» Material to process
BEGIN

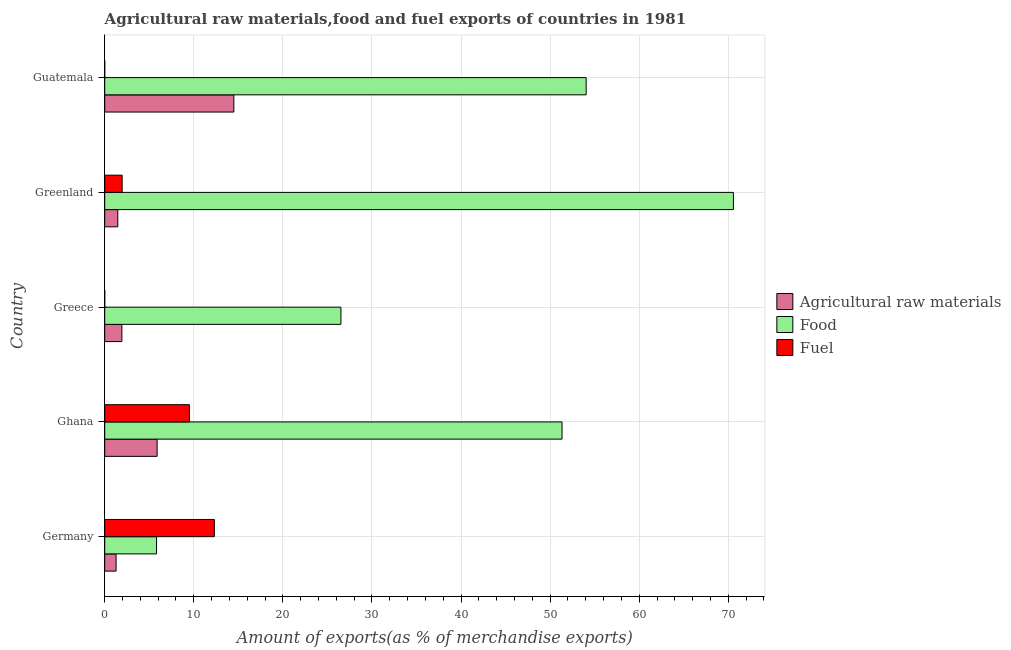How many different coloured bars are there?
Keep it short and to the point. 3. How many groups of bars are there?
Your answer should be very brief. 5. Are the number of bars per tick equal to the number of legend labels?
Your answer should be compact. Yes. What is the label of the 1st group of bars from the top?
Provide a succinct answer. Guatemala. In how many cases, is the number of bars for a given country not equal to the number of legend labels?
Make the answer very short. 0. What is the percentage of raw materials exports in Greenland?
Provide a short and direct response. 1.47. Across all countries, what is the maximum percentage of food exports?
Offer a terse response. 70.57. Across all countries, what is the minimum percentage of fuel exports?
Your answer should be compact. 6.23484075085997e-5. In which country was the percentage of food exports maximum?
Your response must be concise. Greenland. In which country was the percentage of food exports minimum?
Keep it short and to the point. Germany. What is the total percentage of food exports in the graph?
Your response must be concise. 208.27. What is the difference between the percentage of food exports in Ghana and that in Greece?
Provide a succinct answer. 24.82. What is the difference between the percentage of food exports in Guatemala and the percentage of fuel exports in Germany?
Ensure brevity in your answer.  41.73. What is the average percentage of food exports per country?
Offer a very short reply. 41.65. What is the difference between the percentage of food exports and percentage of raw materials exports in Ghana?
Provide a succinct answer. 45.45. What is the ratio of the percentage of food exports in Greece to that in Greenland?
Your response must be concise. 0.38. What is the difference between the highest and the second highest percentage of food exports?
Your answer should be very brief. 16.53. What is the difference between the highest and the lowest percentage of food exports?
Provide a succinct answer. 64.75. In how many countries, is the percentage of fuel exports greater than the average percentage of fuel exports taken over all countries?
Provide a succinct answer. 2. What does the 1st bar from the top in Greenland represents?
Keep it short and to the point. Fuel. What does the 2nd bar from the bottom in Greece represents?
Ensure brevity in your answer.  Food. How many bars are there?
Keep it short and to the point. 15. Are all the bars in the graph horizontal?
Provide a short and direct response. Yes. How many countries are there in the graph?
Ensure brevity in your answer.  5. What is the difference between two consecutive major ticks on the X-axis?
Ensure brevity in your answer.  10. Are the values on the major ticks of X-axis written in scientific E-notation?
Your response must be concise. No. Does the graph contain any zero values?
Offer a very short reply. No. Does the graph contain grids?
Ensure brevity in your answer.  Yes. How many legend labels are there?
Provide a short and direct response. 3. How are the legend labels stacked?
Keep it short and to the point. Vertical. What is the title of the graph?
Offer a terse response. Agricultural raw materials,food and fuel exports of countries in 1981. What is the label or title of the X-axis?
Give a very brief answer. Amount of exports(as % of merchandise exports). What is the Amount of exports(as % of merchandise exports) of Agricultural raw materials in Germany?
Offer a terse response. 1.28. What is the Amount of exports(as % of merchandise exports) in Food in Germany?
Your response must be concise. 5.82. What is the Amount of exports(as % of merchandise exports) of Fuel in Germany?
Offer a very short reply. 12.31. What is the Amount of exports(as % of merchandise exports) in Agricultural raw materials in Ghana?
Your answer should be compact. 5.88. What is the Amount of exports(as % of merchandise exports) in Food in Ghana?
Keep it short and to the point. 51.33. What is the Amount of exports(as % of merchandise exports) in Fuel in Ghana?
Ensure brevity in your answer.  9.51. What is the Amount of exports(as % of merchandise exports) of Agricultural raw materials in Greece?
Your answer should be compact. 1.93. What is the Amount of exports(as % of merchandise exports) of Food in Greece?
Keep it short and to the point. 26.51. What is the Amount of exports(as % of merchandise exports) of Fuel in Greece?
Ensure brevity in your answer.  0. What is the Amount of exports(as % of merchandise exports) in Agricultural raw materials in Greenland?
Offer a very short reply. 1.47. What is the Amount of exports(as % of merchandise exports) of Food in Greenland?
Keep it short and to the point. 70.57. What is the Amount of exports(as % of merchandise exports) in Fuel in Greenland?
Provide a succinct answer. 1.96. What is the Amount of exports(as % of merchandise exports) in Agricultural raw materials in Guatemala?
Offer a very short reply. 14.49. What is the Amount of exports(as % of merchandise exports) of Food in Guatemala?
Offer a very short reply. 54.04. What is the Amount of exports(as % of merchandise exports) of Fuel in Guatemala?
Your response must be concise. 6.23484075085997e-5. Across all countries, what is the maximum Amount of exports(as % of merchandise exports) in Agricultural raw materials?
Provide a short and direct response. 14.49. Across all countries, what is the maximum Amount of exports(as % of merchandise exports) in Food?
Provide a succinct answer. 70.57. Across all countries, what is the maximum Amount of exports(as % of merchandise exports) of Fuel?
Ensure brevity in your answer.  12.31. Across all countries, what is the minimum Amount of exports(as % of merchandise exports) of Agricultural raw materials?
Keep it short and to the point. 1.28. Across all countries, what is the minimum Amount of exports(as % of merchandise exports) in Food?
Offer a terse response. 5.82. Across all countries, what is the minimum Amount of exports(as % of merchandise exports) of Fuel?
Your answer should be compact. 6.23484075085997e-5. What is the total Amount of exports(as % of merchandise exports) of Agricultural raw materials in the graph?
Provide a succinct answer. 25.05. What is the total Amount of exports(as % of merchandise exports) in Food in the graph?
Your response must be concise. 208.27. What is the total Amount of exports(as % of merchandise exports) in Fuel in the graph?
Offer a terse response. 23.77. What is the difference between the Amount of exports(as % of merchandise exports) of Agricultural raw materials in Germany and that in Ghana?
Make the answer very short. -4.61. What is the difference between the Amount of exports(as % of merchandise exports) in Food in Germany and that in Ghana?
Offer a very short reply. -45.51. What is the difference between the Amount of exports(as % of merchandise exports) in Fuel in Germany and that in Ghana?
Offer a terse response. 2.8. What is the difference between the Amount of exports(as % of merchandise exports) of Agricultural raw materials in Germany and that in Greece?
Provide a short and direct response. -0.65. What is the difference between the Amount of exports(as % of merchandise exports) in Food in Germany and that in Greece?
Your response must be concise. -20.7. What is the difference between the Amount of exports(as % of merchandise exports) of Fuel in Germany and that in Greece?
Provide a short and direct response. 12.31. What is the difference between the Amount of exports(as % of merchandise exports) of Agricultural raw materials in Germany and that in Greenland?
Give a very brief answer. -0.19. What is the difference between the Amount of exports(as % of merchandise exports) of Food in Germany and that in Greenland?
Offer a terse response. -64.75. What is the difference between the Amount of exports(as % of merchandise exports) of Fuel in Germany and that in Greenland?
Keep it short and to the point. 10.35. What is the difference between the Amount of exports(as % of merchandise exports) of Agricultural raw materials in Germany and that in Guatemala?
Keep it short and to the point. -13.22. What is the difference between the Amount of exports(as % of merchandise exports) in Food in Germany and that in Guatemala?
Your answer should be very brief. -48.22. What is the difference between the Amount of exports(as % of merchandise exports) in Fuel in Germany and that in Guatemala?
Offer a very short reply. 12.31. What is the difference between the Amount of exports(as % of merchandise exports) of Agricultural raw materials in Ghana and that in Greece?
Ensure brevity in your answer.  3.96. What is the difference between the Amount of exports(as % of merchandise exports) of Food in Ghana and that in Greece?
Give a very brief answer. 24.82. What is the difference between the Amount of exports(as % of merchandise exports) of Fuel in Ghana and that in Greece?
Your answer should be compact. 9.51. What is the difference between the Amount of exports(as % of merchandise exports) of Agricultural raw materials in Ghana and that in Greenland?
Provide a succinct answer. 4.41. What is the difference between the Amount of exports(as % of merchandise exports) in Food in Ghana and that in Greenland?
Provide a short and direct response. -19.24. What is the difference between the Amount of exports(as % of merchandise exports) in Fuel in Ghana and that in Greenland?
Your response must be concise. 7.55. What is the difference between the Amount of exports(as % of merchandise exports) of Agricultural raw materials in Ghana and that in Guatemala?
Your response must be concise. -8.61. What is the difference between the Amount of exports(as % of merchandise exports) in Food in Ghana and that in Guatemala?
Your answer should be compact. -2.71. What is the difference between the Amount of exports(as % of merchandise exports) in Fuel in Ghana and that in Guatemala?
Make the answer very short. 9.51. What is the difference between the Amount of exports(as % of merchandise exports) in Agricultural raw materials in Greece and that in Greenland?
Your answer should be compact. 0.46. What is the difference between the Amount of exports(as % of merchandise exports) in Food in Greece and that in Greenland?
Give a very brief answer. -44.05. What is the difference between the Amount of exports(as % of merchandise exports) of Fuel in Greece and that in Greenland?
Make the answer very short. -1.96. What is the difference between the Amount of exports(as % of merchandise exports) of Agricultural raw materials in Greece and that in Guatemala?
Keep it short and to the point. -12.57. What is the difference between the Amount of exports(as % of merchandise exports) of Food in Greece and that in Guatemala?
Your answer should be very brief. -27.53. What is the difference between the Amount of exports(as % of merchandise exports) in Agricultural raw materials in Greenland and that in Guatemala?
Offer a very short reply. -13.03. What is the difference between the Amount of exports(as % of merchandise exports) in Food in Greenland and that in Guatemala?
Ensure brevity in your answer.  16.53. What is the difference between the Amount of exports(as % of merchandise exports) of Fuel in Greenland and that in Guatemala?
Provide a short and direct response. 1.96. What is the difference between the Amount of exports(as % of merchandise exports) in Agricultural raw materials in Germany and the Amount of exports(as % of merchandise exports) in Food in Ghana?
Provide a short and direct response. -50.06. What is the difference between the Amount of exports(as % of merchandise exports) in Agricultural raw materials in Germany and the Amount of exports(as % of merchandise exports) in Fuel in Ghana?
Offer a very short reply. -8.23. What is the difference between the Amount of exports(as % of merchandise exports) in Food in Germany and the Amount of exports(as % of merchandise exports) in Fuel in Ghana?
Give a very brief answer. -3.69. What is the difference between the Amount of exports(as % of merchandise exports) in Agricultural raw materials in Germany and the Amount of exports(as % of merchandise exports) in Food in Greece?
Provide a succinct answer. -25.24. What is the difference between the Amount of exports(as % of merchandise exports) of Agricultural raw materials in Germany and the Amount of exports(as % of merchandise exports) of Fuel in Greece?
Keep it short and to the point. 1.28. What is the difference between the Amount of exports(as % of merchandise exports) of Food in Germany and the Amount of exports(as % of merchandise exports) of Fuel in Greece?
Offer a very short reply. 5.82. What is the difference between the Amount of exports(as % of merchandise exports) of Agricultural raw materials in Germany and the Amount of exports(as % of merchandise exports) of Food in Greenland?
Keep it short and to the point. -69.29. What is the difference between the Amount of exports(as % of merchandise exports) in Agricultural raw materials in Germany and the Amount of exports(as % of merchandise exports) in Fuel in Greenland?
Offer a very short reply. -0.68. What is the difference between the Amount of exports(as % of merchandise exports) of Food in Germany and the Amount of exports(as % of merchandise exports) of Fuel in Greenland?
Ensure brevity in your answer.  3.86. What is the difference between the Amount of exports(as % of merchandise exports) of Agricultural raw materials in Germany and the Amount of exports(as % of merchandise exports) of Food in Guatemala?
Give a very brief answer. -52.76. What is the difference between the Amount of exports(as % of merchandise exports) of Agricultural raw materials in Germany and the Amount of exports(as % of merchandise exports) of Fuel in Guatemala?
Keep it short and to the point. 1.28. What is the difference between the Amount of exports(as % of merchandise exports) of Food in Germany and the Amount of exports(as % of merchandise exports) of Fuel in Guatemala?
Make the answer very short. 5.82. What is the difference between the Amount of exports(as % of merchandise exports) of Agricultural raw materials in Ghana and the Amount of exports(as % of merchandise exports) of Food in Greece?
Ensure brevity in your answer.  -20.63. What is the difference between the Amount of exports(as % of merchandise exports) of Agricultural raw materials in Ghana and the Amount of exports(as % of merchandise exports) of Fuel in Greece?
Your answer should be compact. 5.88. What is the difference between the Amount of exports(as % of merchandise exports) in Food in Ghana and the Amount of exports(as % of merchandise exports) in Fuel in Greece?
Offer a terse response. 51.33. What is the difference between the Amount of exports(as % of merchandise exports) in Agricultural raw materials in Ghana and the Amount of exports(as % of merchandise exports) in Food in Greenland?
Keep it short and to the point. -64.68. What is the difference between the Amount of exports(as % of merchandise exports) of Agricultural raw materials in Ghana and the Amount of exports(as % of merchandise exports) of Fuel in Greenland?
Offer a terse response. 3.92. What is the difference between the Amount of exports(as % of merchandise exports) in Food in Ghana and the Amount of exports(as % of merchandise exports) in Fuel in Greenland?
Provide a succinct answer. 49.37. What is the difference between the Amount of exports(as % of merchandise exports) of Agricultural raw materials in Ghana and the Amount of exports(as % of merchandise exports) of Food in Guatemala?
Provide a succinct answer. -48.16. What is the difference between the Amount of exports(as % of merchandise exports) in Agricultural raw materials in Ghana and the Amount of exports(as % of merchandise exports) in Fuel in Guatemala?
Keep it short and to the point. 5.88. What is the difference between the Amount of exports(as % of merchandise exports) of Food in Ghana and the Amount of exports(as % of merchandise exports) of Fuel in Guatemala?
Provide a succinct answer. 51.33. What is the difference between the Amount of exports(as % of merchandise exports) of Agricultural raw materials in Greece and the Amount of exports(as % of merchandise exports) of Food in Greenland?
Give a very brief answer. -68.64. What is the difference between the Amount of exports(as % of merchandise exports) in Agricultural raw materials in Greece and the Amount of exports(as % of merchandise exports) in Fuel in Greenland?
Your answer should be compact. -0.03. What is the difference between the Amount of exports(as % of merchandise exports) in Food in Greece and the Amount of exports(as % of merchandise exports) in Fuel in Greenland?
Offer a terse response. 24.56. What is the difference between the Amount of exports(as % of merchandise exports) in Agricultural raw materials in Greece and the Amount of exports(as % of merchandise exports) in Food in Guatemala?
Your answer should be very brief. -52.11. What is the difference between the Amount of exports(as % of merchandise exports) in Agricultural raw materials in Greece and the Amount of exports(as % of merchandise exports) in Fuel in Guatemala?
Offer a very short reply. 1.93. What is the difference between the Amount of exports(as % of merchandise exports) in Food in Greece and the Amount of exports(as % of merchandise exports) in Fuel in Guatemala?
Your answer should be compact. 26.51. What is the difference between the Amount of exports(as % of merchandise exports) of Agricultural raw materials in Greenland and the Amount of exports(as % of merchandise exports) of Food in Guatemala?
Provide a succinct answer. -52.57. What is the difference between the Amount of exports(as % of merchandise exports) in Agricultural raw materials in Greenland and the Amount of exports(as % of merchandise exports) in Fuel in Guatemala?
Make the answer very short. 1.47. What is the difference between the Amount of exports(as % of merchandise exports) of Food in Greenland and the Amount of exports(as % of merchandise exports) of Fuel in Guatemala?
Provide a succinct answer. 70.57. What is the average Amount of exports(as % of merchandise exports) of Agricultural raw materials per country?
Offer a terse response. 5.01. What is the average Amount of exports(as % of merchandise exports) in Food per country?
Offer a terse response. 41.65. What is the average Amount of exports(as % of merchandise exports) in Fuel per country?
Offer a very short reply. 4.75. What is the difference between the Amount of exports(as % of merchandise exports) in Agricultural raw materials and Amount of exports(as % of merchandise exports) in Food in Germany?
Your answer should be compact. -4.54. What is the difference between the Amount of exports(as % of merchandise exports) in Agricultural raw materials and Amount of exports(as % of merchandise exports) in Fuel in Germany?
Give a very brief answer. -11.03. What is the difference between the Amount of exports(as % of merchandise exports) in Food and Amount of exports(as % of merchandise exports) in Fuel in Germany?
Provide a short and direct response. -6.49. What is the difference between the Amount of exports(as % of merchandise exports) of Agricultural raw materials and Amount of exports(as % of merchandise exports) of Food in Ghana?
Your answer should be very brief. -45.45. What is the difference between the Amount of exports(as % of merchandise exports) in Agricultural raw materials and Amount of exports(as % of merchandise exports) in Fuel in Ghana?
Offer a terse response. -3.62. What is the difference between the Amount of exports(as % of merchandise exports) in Food and Amount of exports(as % of merchandise exports) in Fuel in Ghana?
Provide a short and direct response. 41.83. What is the difference between the Amount of exports(as % of merchandise exports) in Agricultural raw materials and Amount of exports(as % of merchandise exports) in Food in Greece?
Offer a very short reply. -24.59. What is the difference between the Amount of exports(as % of merchandise exports) of Agricultural raw materials and Amount of exports(as % of merchandise exports) of Fuel in Greece?
Your answer should be very brief. 1.93. What is the difference between the Amount of exports(as % of merchandise exports) in Food and Amount of exports(as % of merchandise exports) in Fuel in Greece?
Your response must be concise. 26.51. What is the difference between the Amount of exports(as % of merchandise exports) of Agricultural raw materials and Amount of exports(as % of merchandise exports) of Food in Greenland?
Keep it short and to the point. -69.1. What is the difference between the Amount of exports(as % of merchandise exports) in Agricultural raw materials and Amount of exports(as % of merchandise exports) in Fuel in Greenland?
Keep it short and to the point. -0.49. What is the difference between the Amount of exports(as % of merchandise exports) in Food and Amount of exports(as % of merchandise exports) in Fuel in Greenland?
Offer a terse response. 68.61. What is the difference between the Amount of exports(as % of merchandise exports) in Agricultural raw materials and Amount of exports(as % of merchandise exports) in Food in Guatemala?
Your answer should be compact. -39.54. What is the difference between the Amount of exports(as % of merchandise exports) of Agricultural raw materials and Amount of exports(as % of merchandise exports) of Fuel in Guatemala?
Ensure brevity in your answer.  14.49. What is the difference between the Amount of exports(as % of merchandise exports) of Food and Amount of exports(as % of merchandise exports) of Fuel in Guatemala?
Provide a short and direct response. 54.04. What is the ratio of the Amount of exports(as % of merchandise exports) of Agricultural raw materials in Germany to that in Ghana?
Offer a terse response. 0.22. What is the ratio of the Amount of exports(as % of merchandise exports) in Food in Germany to that in Ghana?
Your answer should be very brief. 0.11. What is the ratio of the Amount of exports(as % of merchandise exports) of Fuel in Germany to that in Ghana?
Ensure brevity in your answer.  1.29. What is the ratio of the Amount of exports(as % of merchandise exports) of Agricultural raw materials in Germany to that in Greece?
Provide a short and direct response. 0.66. What is the ratio of the Amount of exports(as % of merchandise exports) of Food in Germany to that in Greece?
Ensure brevity in your answer.  0.22. What is the ratio of the Amount of exports(as % of merchandise exports) of Fuel in Germany to that in Greece?
Make the answer very short. 4.04e+04. What is the ratio of the Amount of exports(as % of merchandise exports) in Agricultural raw materials in Germany to that in Greenland?
Your response must be concise. 0.87. What is the ratio of the Amount of exports(as % of merchandise exports) of Food in Germany to that in Greenland?
Make the answer very short. 0.08. What is the ratio of the Amount of exports(as % of merchandise exports) of Fuel in Germany to that in Greenland?
Offer a terse response. 6.29. What is the ratio of the Amount of exports(as % of merchandise exports) in Agricultural raw materials in Germany to that in Guatemala?
Offer a terse response. 0.09. What is the ratio of the Amount of exports(as % of merchandise exports) in Food in Germany to that in Guatemala?
Provide a short and direct response. 0.11. What is the ratio of the Amount of exports(as % of merchandise exports) in Fuel in Germany to that in Guatemala?
Make the answer very short. 1.97e+05. What is the ratio of the Amount of exports(as % of merchandise exports) of Agricultural raw materials in Ghana to that in Greece?
Offer a very short reply. 3.05. What is the ratio of the Amount of exports(as % of merchandise exports) in Food in Ghana to that in Greece?
Offer a terse response. 1.94. What is the ratio of the Amount of exports(as % of merchandise exports) of Fuel in Ghana to that in Greece?
Your answer should be compact. 3.12e+04. What is the ratio of the Amount of exports(as % of merchandise exports) of Agricultural raw materials in Ghana to that in Greenland?
Ensure brevity in your answer.  4. What is the ratio of the Amount of exports(as % of merchandise exports) in Food in Ghana to that in Greenland?
Your response must be concise. 0.73. What is the ratio of the Amount of exports(as % of merchandise exports) in Fuel in Ghana to that in Greenland?
Offer a very short reply. 4.86. What is the ratio of the Amount of exports(as % of merchandise exports) in Agricultural raw materials in Ghana to that in Guatemala?
Your answer should be compact. 0.41. What is the ratio of the Amount of exports(as % of merchandise exports) of Food in Ghana to that in Guatemala?
Provide a short and direct response. 0.95. What is the ratio of the Amount of exports(as % of merchandise exports) of Fuel in Ghana to that in Guatemala?
Provide a short and direct response. 1.52e+05. What is the ratio of the Amount of exports(as % of merchandise exports) in Agricultural raw materials in Greece to that in Greenland?
Provide a short and direct response. 1.31. What is the ratio of the Amount of exports(as % of merchandise exports) in Food in Greece to that in Greenland?
Offer a very short reply. 0.38. What is the ratio of the Amount of exports(as % of merchandise exports) in Agricultural raw materials in Greece to that in Guatemala?
Give a very brief answer. 0.13. What is the ratio of the Amount of exports(as % of merchandise exports) of Food in Greece to that in Guatemala?
Make the answer very short. 0.49. What is the ratio of the Amount of exports(as % of merchandise exports) of Fuel in Greece to that in Guatemala?
Provide a succinct answer. 4.89. What is the ratio of the Amount of exports(as % of merchandise exports) of Agricultural raw materials in Greenland to that in Guatemala?
Ensure brevity in your answer.  0.1. What is the ratio of the Amount of exports(as % of merchandise exports) in Food in Greenland to that in Guatemala?
Your answer should be very brief. 1.31. What is the ratio of the Amount of exports(as % of merchandise exports) in Fuel in Greenland to that in Guatemala?
Provide a short and direct response. 3.14e+04. What is the difference between the highest and the second highest Amount of exports(as % of merchandise exports) of Agricultural raw materials?
Provide a succinct answer. 8.61. What is the difference between the highest and the second highest Amount of exports(as % of merchandise exports) in Food?
Your answer should be very brief. 16.53. What is the difference between the highest and the second highest Amount of exports(as % of merchandise exports) of Fuel?
Your answer should be very brief. 2.8. What is the difference between the highest and the lowest Amount of exports(as % of merchandise exports) in Agricultural raw materials?
Your answer should be compact. 13.22. What is the difference between the highest and the lowest Amount of exports(as % of merchandise exports) in Food?
Ensure brevity in your answer.  64.75. What is the difference between the highest and the lowest Amount of exports(as % of merchandise exports) in Fuel?
Offer a very short reply. 12.31.

END

» Directions for this task
Please transcribe exactly the lines above from the line that has "labels are there?" up to and including the line that has "Keep it short and to the point. Vertical."; no other line belongs in the answer.

» Task response
Ensure brevity in your answer.  Yes. How many legend labels are there?
Provide a short and direct response. 3. How are the legend labels stacked?
Keep it short and to the point. Vertical. What is the title of the graph?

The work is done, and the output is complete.